**Records from a data source:**
··········

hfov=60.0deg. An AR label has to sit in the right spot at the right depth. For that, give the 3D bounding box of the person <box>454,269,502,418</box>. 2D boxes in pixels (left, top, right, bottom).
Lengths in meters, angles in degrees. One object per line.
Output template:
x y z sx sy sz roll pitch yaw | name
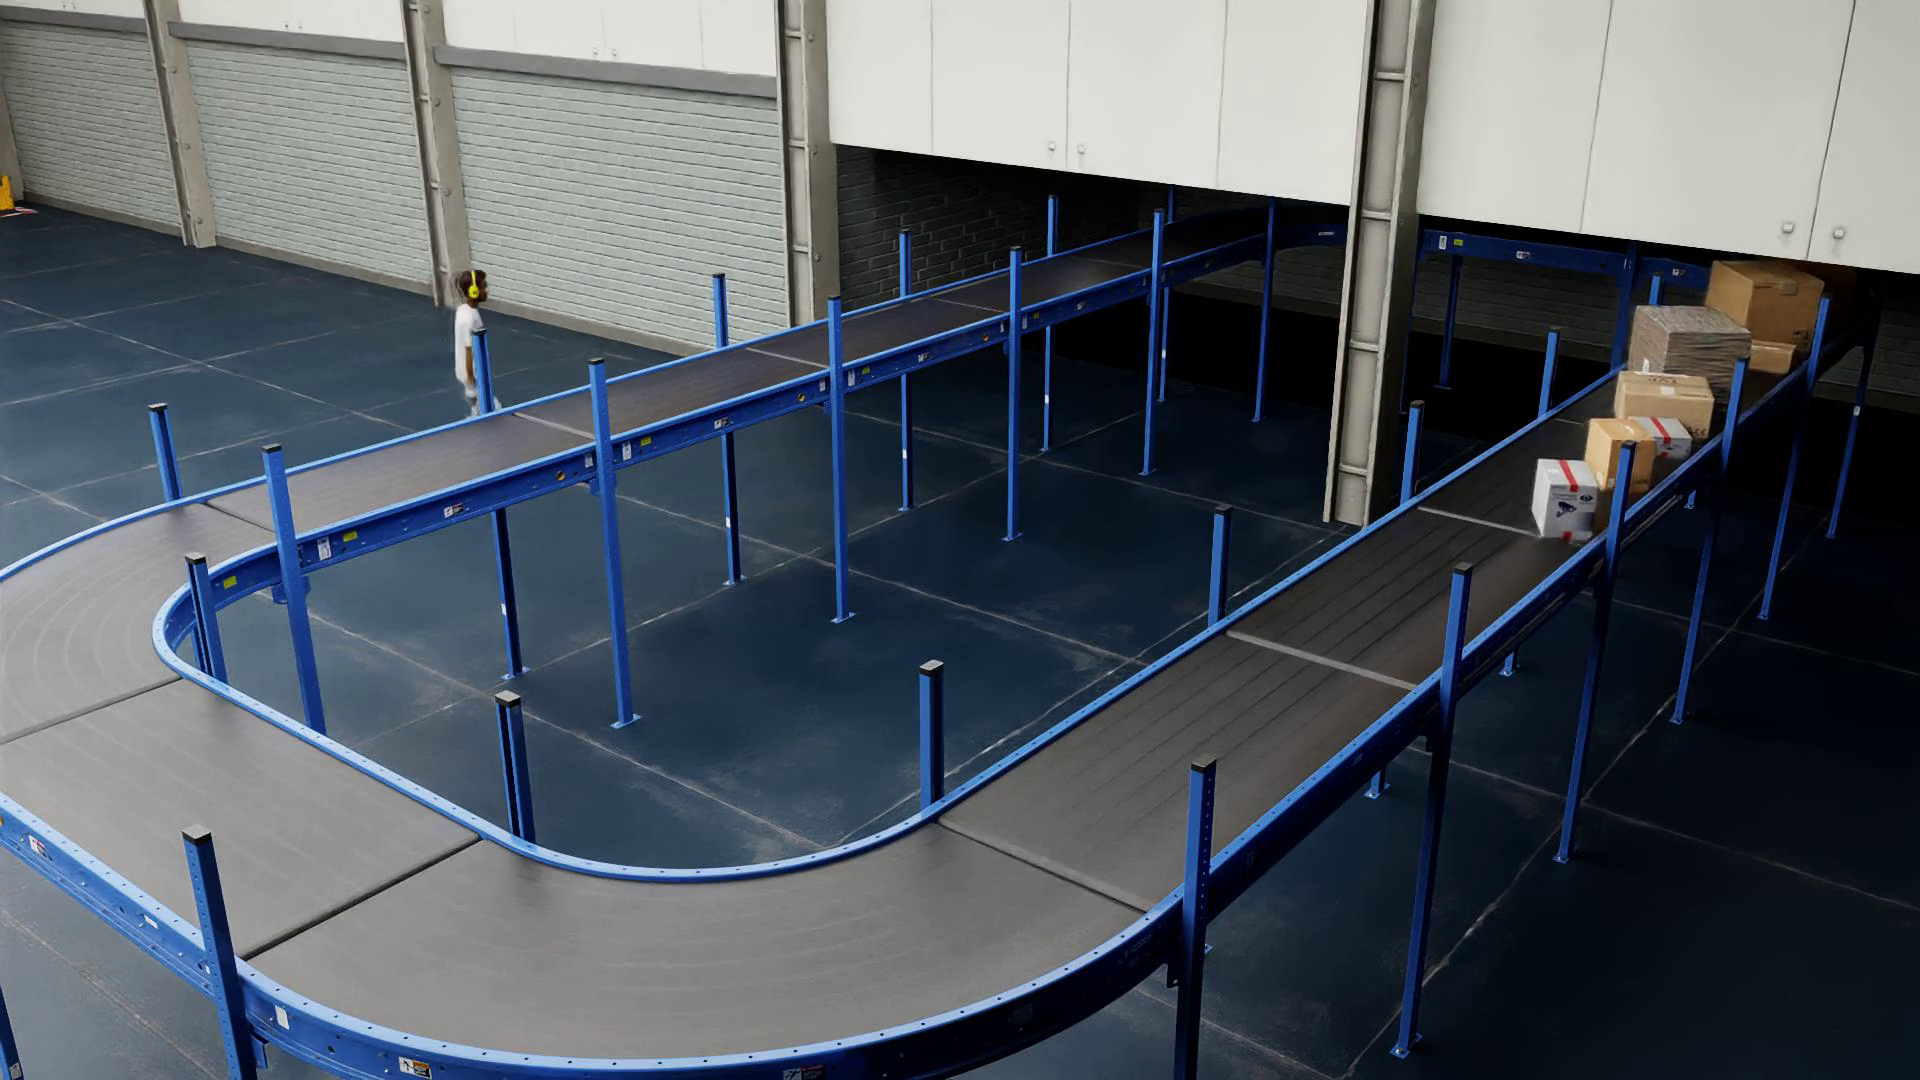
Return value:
-4.102 -1.379 14.179 0.429 1.846 0.558 -7 23 -18 | person

··········

**Work instructions:** Copy out the entries verbatim, but skip every picture.

**Answer box:**
hfov=60.0deg. An AR label has to sit in the right spot at the right depth. For that, give the 3D bounding box of the person <box>454,269,502,418</box>. 2D boxes in pixels (left, top, right, bottom).
Lengths in meters, angles in degrees. One object per line.
Output template:
x y z sx sy sz roll pitch yaw | name
Return value:
-4.102 -1.379 14.179 0.429 1.846 0.558 -7 23 -18 | person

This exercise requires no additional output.